Ruger Mark III Owners

Discussion in 'Ruger Rimfire Forums' started by SGW Gunsmith, Jan 10, 2021.

  1. SGW Gunsmith

    SGW Gunsmith Active Member

    Many Mark III owners are completely fed-up with dis and then re-assembly of their pistols for a much needed, and routinely required, cleaning maintenance plan. What to do?
    The Ruger engineers inflicted a system into the Ruger Mark III that requires a real PITA to deal with during disassembly. The "magazine disconnect". These parts require that pulling the trigger requires that a magazine be inserted into the grip frame. Either empty or full, doesn't matter.
    So, during take-down, you need to verify that the chamber is empty of any live rounds, as is the magazine, to be SAFE, then you insert the empty magazine, point the pistol in a safe direction, then, and only then, will you be able to pull the trigger and send the hammer forward. Then, you need to remove the magazine so that the mainspring housing latch can be pulled down and the mainspring housing removed.
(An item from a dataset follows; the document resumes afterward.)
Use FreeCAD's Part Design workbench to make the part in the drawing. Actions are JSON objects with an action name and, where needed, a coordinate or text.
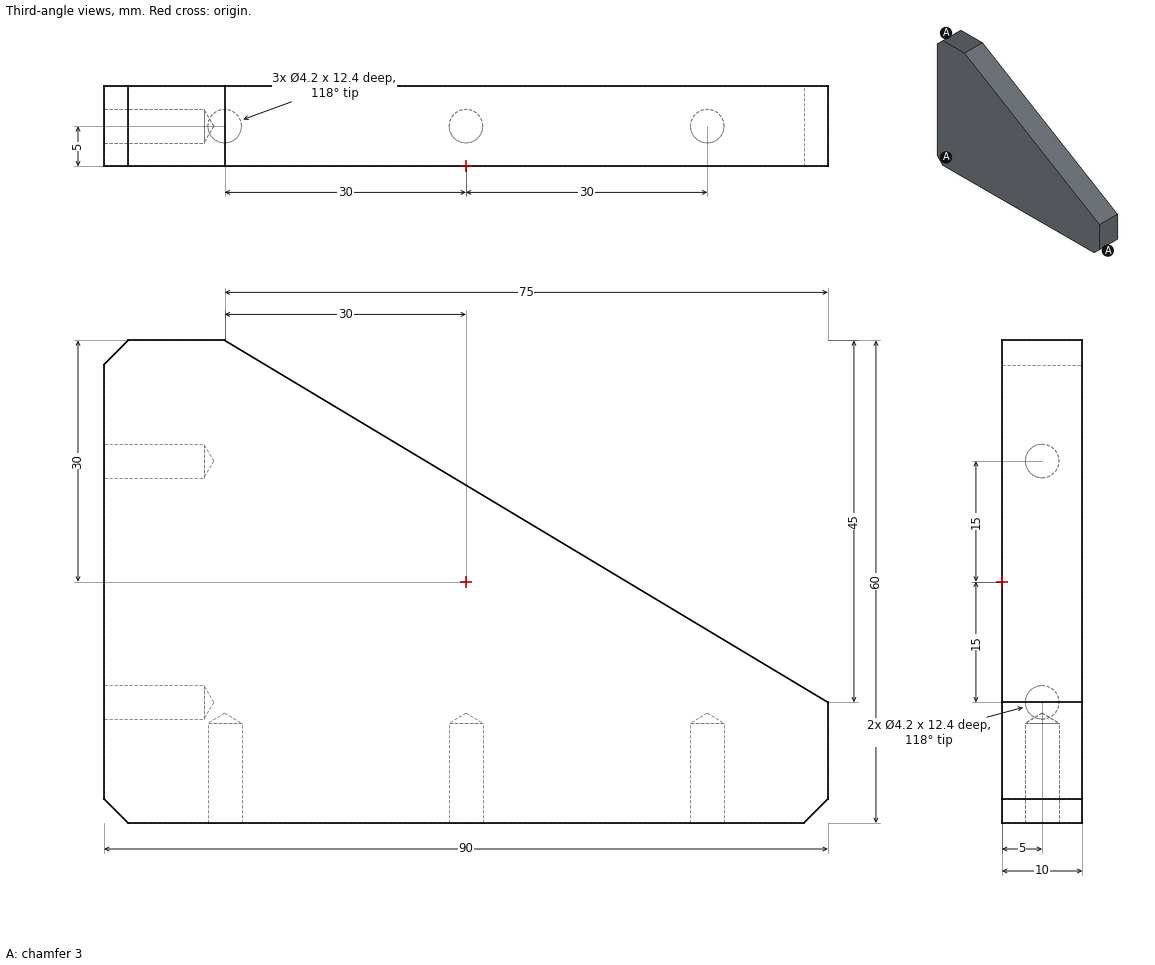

Removing the upper from the grip frame will now be easily done.
    Enter, a very smart fella' who perfected the design of a replacement hammer bushing that takes the magazine disconnect parts out of play, and then the pistol will behave much more like the Ruger Mark II pistol does, for maintenance.
    Others came along and tried to copy his design, but from the get-go it was noticed that the copy-cats were oblivious as to what they were doing which reflected their firearms knowledge ignorance. Tandemkross did what they do best, copy someone's idea. This was their first "boondoggle" because they made their first attempt out of aluminum. They did sell a bunch of these to unsuspecting customers that trusted their sales pitch, but when the bushings began to wear quickly from dealing with "steel" mating parts, failure of those aluminum bushings came in droves. No, we never did read of a replacement or rebate program involved when they finally went to using "steel" for their bushing. Good customer service?
    Another feature those two had no clue about, hammer bushing bore size is not the same with every Ruger Mark III pistol hammer, the size varies, so many of their hammer bushings fit loosely and drifted from side to side over the hammer pivot pin, and some even wobbled. Didn't do much to maintain a consistent trigger pull.
    So, that's why I like to work with MY fabulous customers and see that they get a matched hammer to hammer bushing accomplishment, which they deserve for what they're spending:
    This is a combined assembly of a Ruger Mark III "speed-lock" hammer and a press fit hammer bushing that will replace the magazine disconnect parts for a Mark III pistol. The hammer has had all contact surfaces polished for smooth operation, and best of all, it's a "drop-in" part, so you can replace your original parts if your pistol ever needs to go back to Ruger.
    Send me an email or private message if you'd like to learn more.
  2. jmohme

    jmohme Well-Known Member

    I wish you had warned me years ago before I, without any issues, took down, cleaned, and resembled my Mark III more times than I care to count.
    I had no idea it was supposed to be difficult.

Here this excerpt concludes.